Directing the expression of a green fluorescent protein transgene in differentiated osteoblasts: comparison between rat type I collagen and rat osteocalcin promoters

The osteocalcin (OC) and a 2.3 kb fragment of the collagen promoter (Col2.3) have been used to restrict transgenic expression of a variety of proteins to bone. Transgenic mice carrying a green fluorescent protein (GFP) gene driven by each promoter were generated. Strong GFP expression was detected in OC-GFP mice in a few osteoblastic cells lining the endosteal bone surface and in scattered osteocytes within the bone matrix in long bones from 1-day-old to 6-month-old transgenic animals.
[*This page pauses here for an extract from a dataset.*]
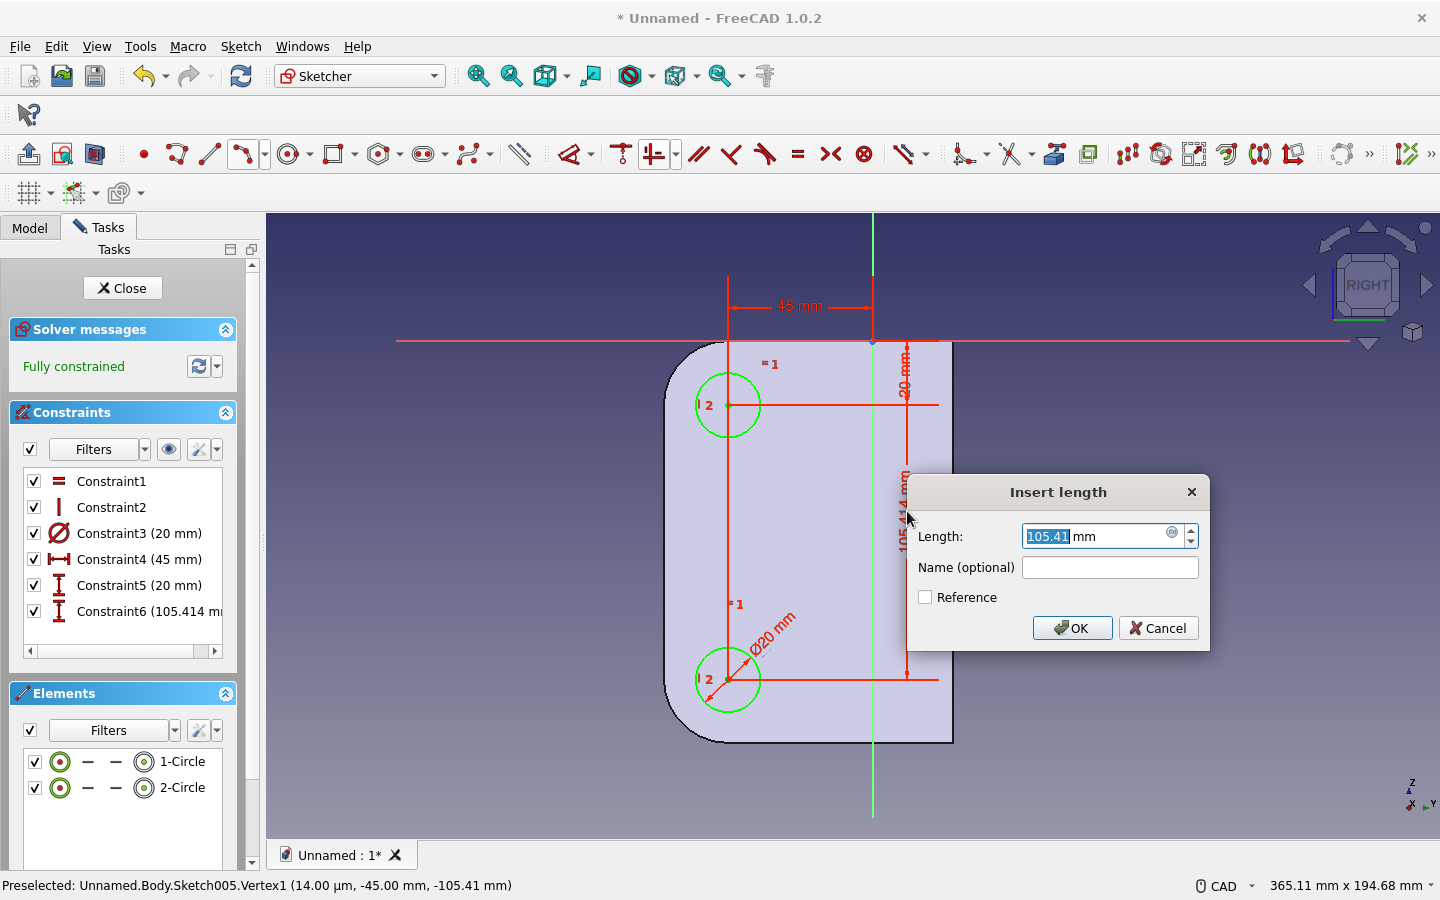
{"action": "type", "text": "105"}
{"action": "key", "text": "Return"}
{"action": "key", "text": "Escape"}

Similar findings were noted in the forming tooth in which only individual odontoblasts expressed GFP without detectable expression from the dental pulp. This limited pattern of OC-GFP-positive cells contrasts with the uniform expression in the Col2.3GFP mice in which large proportion of osteoblasts, odontoblasts, and osteocytes strongly expressed the transgene. To assess transgene expression during in vitro differentiation, marrow stromal cell and neonatal calvarial osteoblast cultures were analyzed. The activity of both transgenes was restricted to mineralized nodules but the number of positive cells was lower in the OC-GFP-derived cultures. The different temporal and spatial pattern of each transgene in vivo and in vitro reveals potential advantages and disadvantages of these two transgene models.